== INPUT MATERIAL ==
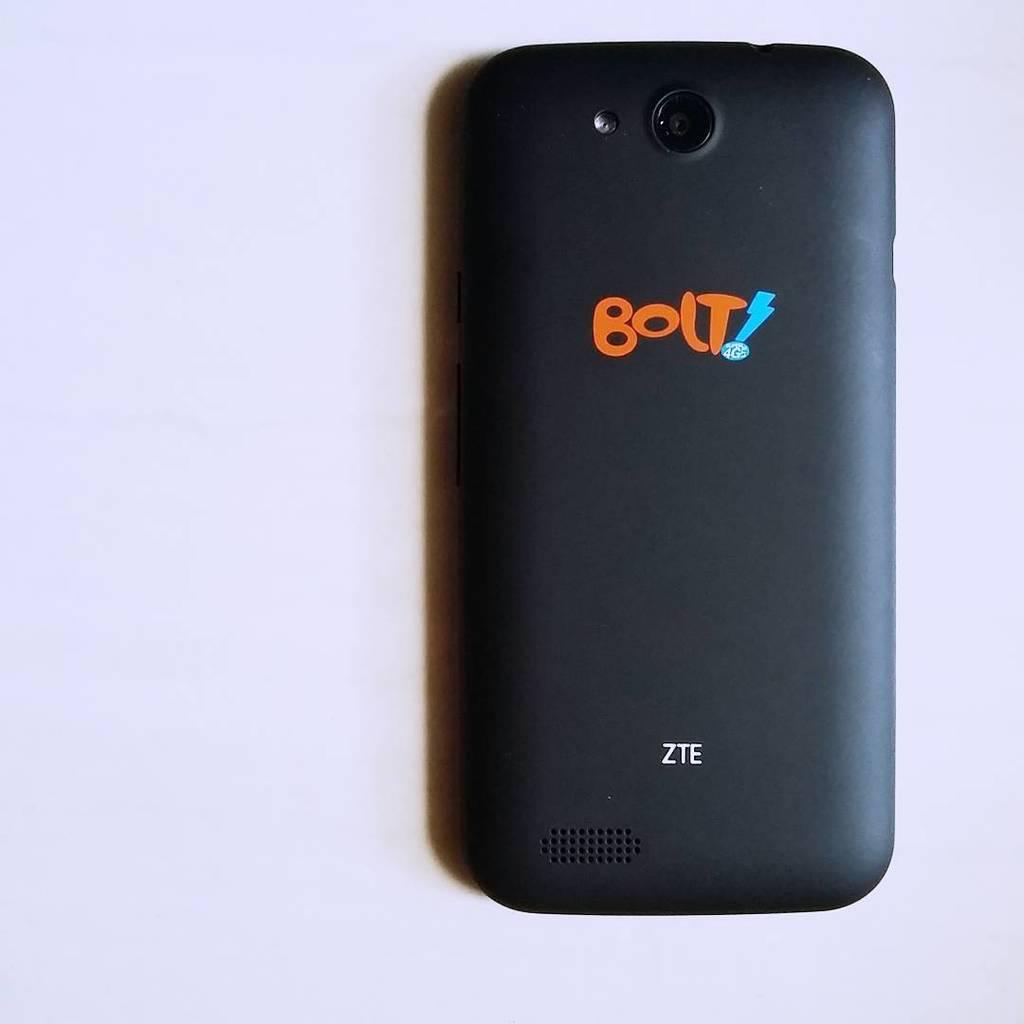Who makes the bolt?
Provide a succinct answer. Zte. 
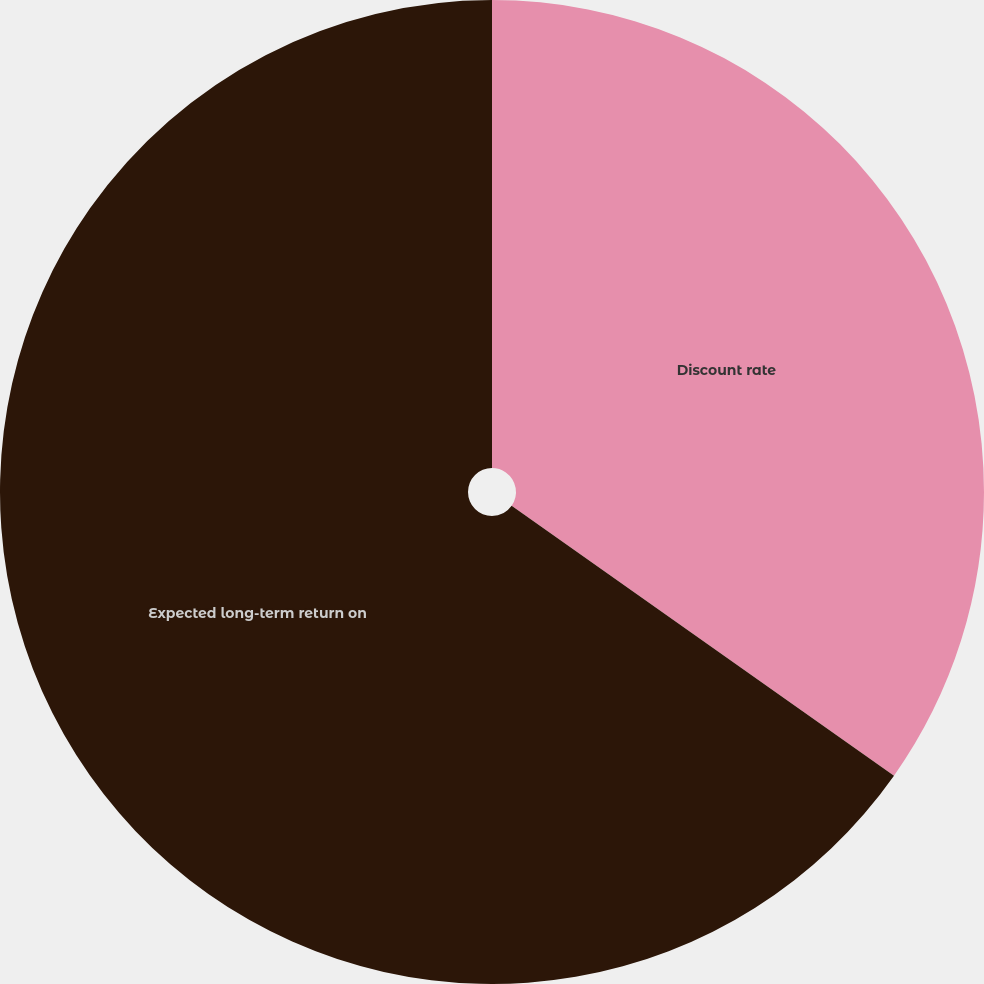Convert chart to OTSL. <chart><loc_0><loc_0><loc_500><loc_500><pie_chart><fcel>Discount rate<fcel>Expected long-term return on<nl><fcel>34.78%<fcel>65.22%<nl></chart> 
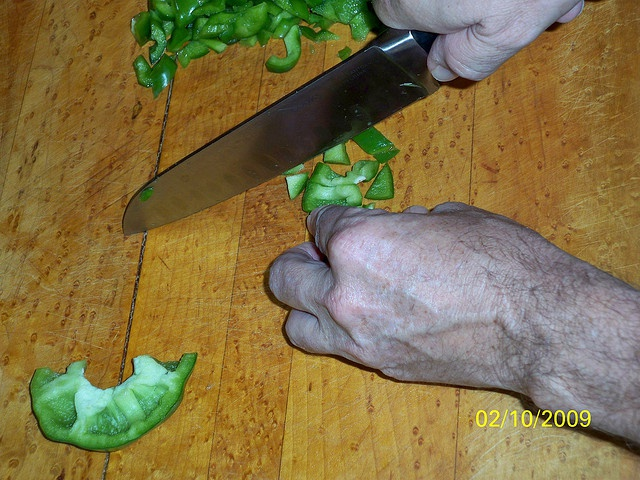Describe the objects in this image and their specific colors. I can see people in maroon, darkgray, and gray tones and knife in maroon, black, olive, and gray tones in this image. 
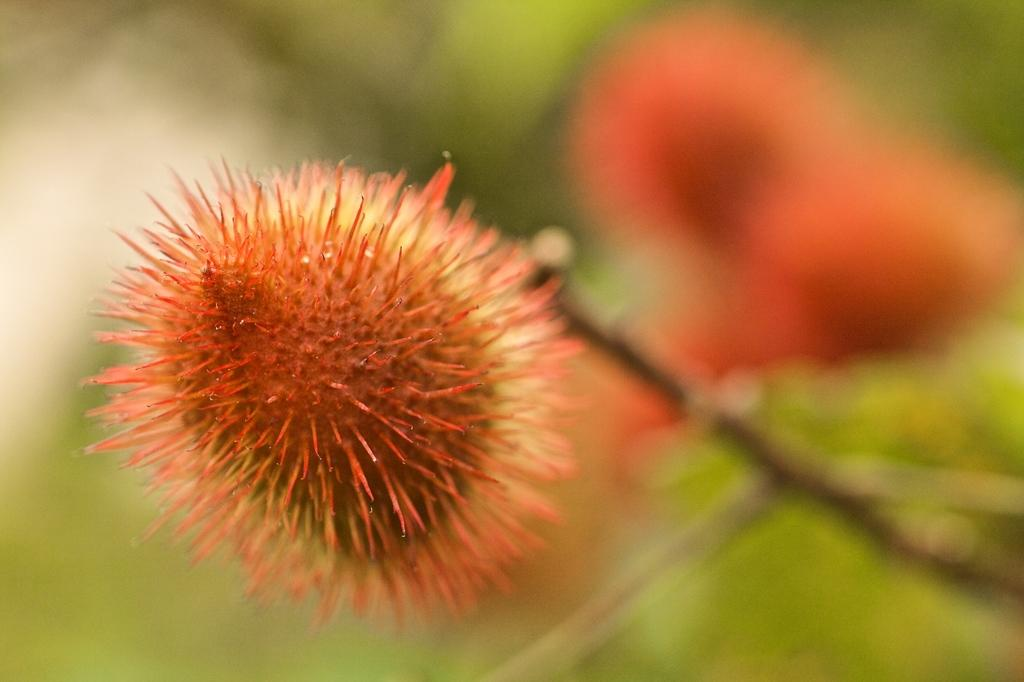What type of objects can be seen in the image? There are flowers in the image. What color are the flowers? The flowers are red in color. Can you describe the background of the image? The background of the image is blurred. How many kites are flying in the image? There are no kites present in the image; it features red flowers with a blurred background. What is located at the top of the flowers in the image? The flowers do not have anything specific located at the top in the image. 
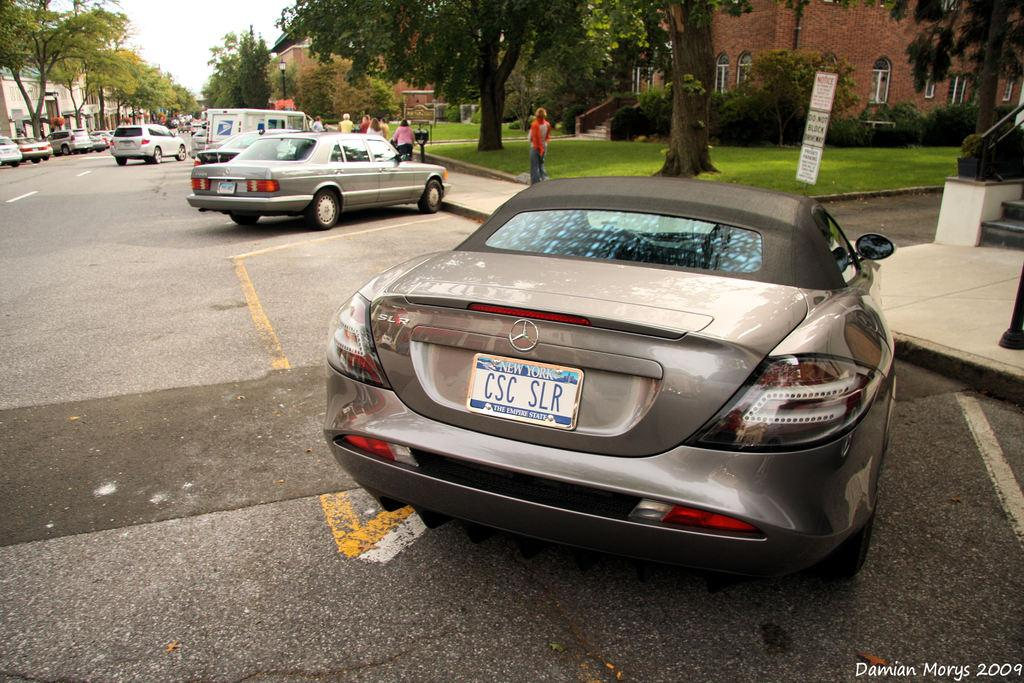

== WHAT IS REQUIRED ==
Using the entries above, write out exactly the lines from the one with "Convert chart to" through the one with "Describe the objects", ends included. Leave out any pictures.

== EXPECTED ANSWER ==
Convert chart to OTSL. <chart><loc_0><loc_0><loc_500><loc_500><pie_chart><fcel>Discount rate<fcel>Expected long-term return on<nl><fcel>34.78%<fcel>65.22%<nl></chart> 
Describe the objects in this image and their specific colors. I can see people in maroon, darkgray, and gray tones and knife in maroon, black, olive, and gray tones in this image. 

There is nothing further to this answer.